All the parts used to build the machine were bought from local dealers, so I suggest you do the same if it’s cheaper (parts + transport). If not you can find all the parts on eBay. The trapezoidal cylindrical nut was made in a local workshop.

The frame is made of aluminum profiles and the parts are:

X base parts – 2 pieces of 400x120x30mm (cost: $52.32);

Y frame parts – 2 pieces of 400x120x30mm (cost: $52.32), 1 piece of 380x60x30mm (cost: $13.16);

Y carriage – 1 piece of 120x120x30mm (cost: $7.85);

Z carriage – 1 piece of 120x120x30mm (cost: $7.85);

Z frame parts – 2 pieces of 120x60x30mm (cost: $8.30);

Machining the aluminum profiles (cost: $72.00). Total cost: $213.80.

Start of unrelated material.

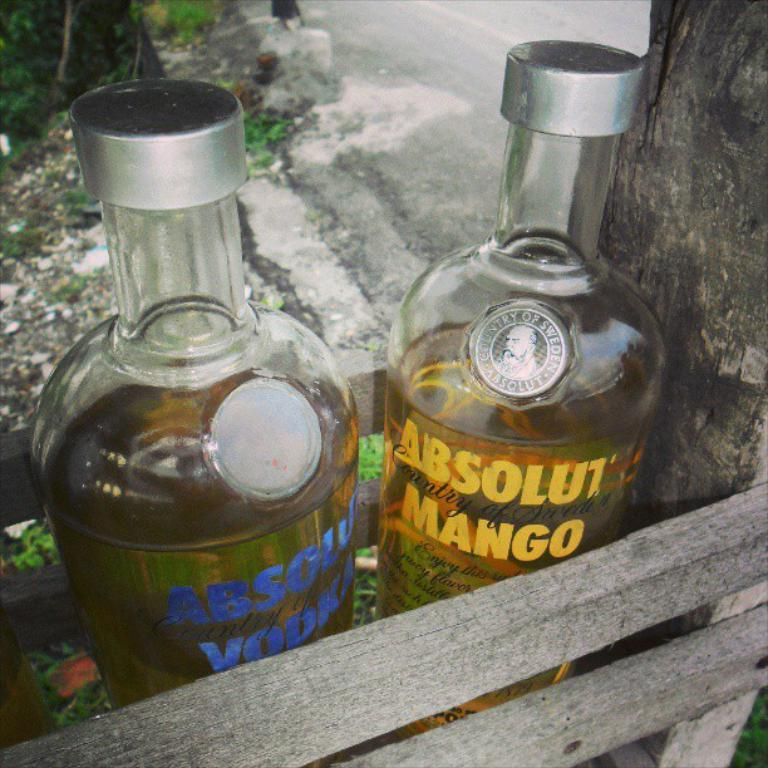<image>
Offer a succinct explanation of the picture presented. One of the two Absolut Vodka bottles in a wooden crate is flavored with mango.

Ø20mm precision steel shafts for X axis (cut from 1 piece of 60-inch=1524mm shaft): 2 pieces, each 600mm long (cost: $54.00);

Ø16mm precision steel shafts for Y axis (cut from 2 pieces of 30-inch=762mm shaft): 2 pieces, each 390mm long (cost: $29.95);

Ø16mm precision steel shafts for Z axis (cut from 2 pieces of 372mm shaft left over from the Y-axis shafts): 2 pieces, each 300mm long (cost: $29.95);

Machining the precision steel shafts: 6 pieces (cost: $25.00).

The motors chosen for this project are 3Nm 8-wire stepper motors that can be wired as unipolar or bipolar, depending on the user’s choice or which driver you have. Three 3Nm stepper motors (cost: $158.20).

A unipolar stepper motor has two windings per phase, one for each direction of magnetic field. This motor has only five leads. Bipolar motors have a single winding per phase. The current in a winding needs to be reversed in order to reverse a magnetic pole. There are two leads per phase; none are common.

The stepper motor driver used is a unipolar 4-axis driver for 5A/phase motors. Cost: $82.50.

Electrical properties:

Input Power: 20-40V DC.

Stepper motor drive current: 1.5A – 5A/phase.

Compatible stepper motors: 2 or 4 phase, 6 or 8 lead stepper motors, 5A max.

Dimensions: 18 x 12 x 6 cm (L x W x H).

This board allows you to control 4 stepper motors, as well as receive input from two limit switches per motor and from an emergency-stop button, and it has a relay interface for spindle motors.

The power source contains one 600W toroidal transformer (cost: $76.60), one 50-amp rectifying bridge (cost: $1.90) and one 20,000µF capacitor (cost: $7.99). Total cost: $86.49.

For the motor controller case I used an old Keithley236 source measure unit. I have removed all the guts of the old thing to make way for the new motor controller and power supply.